Following the onset of COVID-19 and the hullabaloo regarding its vaccines, I added this book to my shelf, just to try to get the perspective of someone who was afraid to vaccinate their child. This book predates the most recent pandemic, but does provide fairly thorough research into past ones and how the concept and practice of vaccination came into being.

Honestly, I wish there had been more of the process of gradual understanding from the author's perspective as she did her research, but if you missed third grade science when the scientific method was explained, this will suffice as a decent reminder.
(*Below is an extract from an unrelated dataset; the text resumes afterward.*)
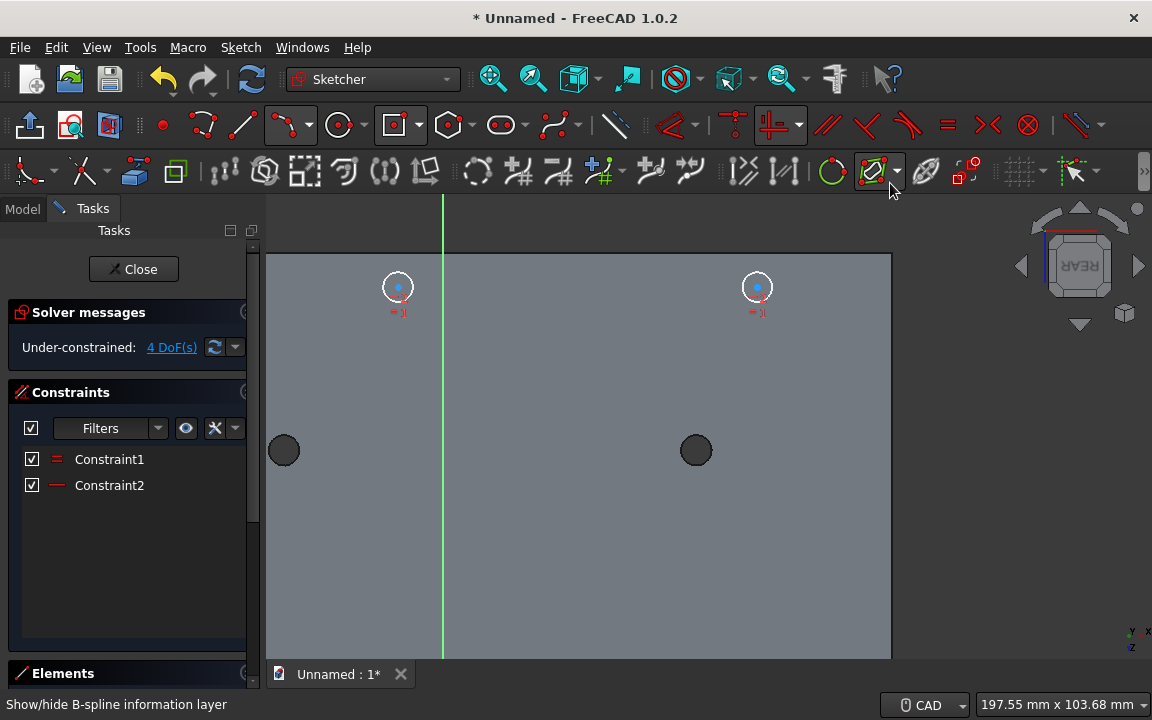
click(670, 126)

One phrase that stuck with me (I listened to the audiobook and this was relayed while going down the freeway at 70 MPH, so my verbiage will not be exact) was along the lines of illness and suspicion of illness being used as a fear of the "other," or an "us vs. them" scenario. The author relayed past pandemics which were given racist names by people in adjoining (and sometimes overseas) countries, and she said something like "the higher the level of fear experienced, the narrower one's point of view becomes," and all I could see was Trump insisting on saying, "The China virus...." like the fucking small-minded moron he is.

Overall, I don't think this book will change anyone's mind on the safety or efficacy of vaccines. If you believe that reading a Salon article and watching 2 YouTube videos by non-medical professionals makes you an expert, you're probably not going to have enough sense to check out this author's listed sources. If, however, you are on the fence and would like some historical context as well as fairly current information, then you might find this useful.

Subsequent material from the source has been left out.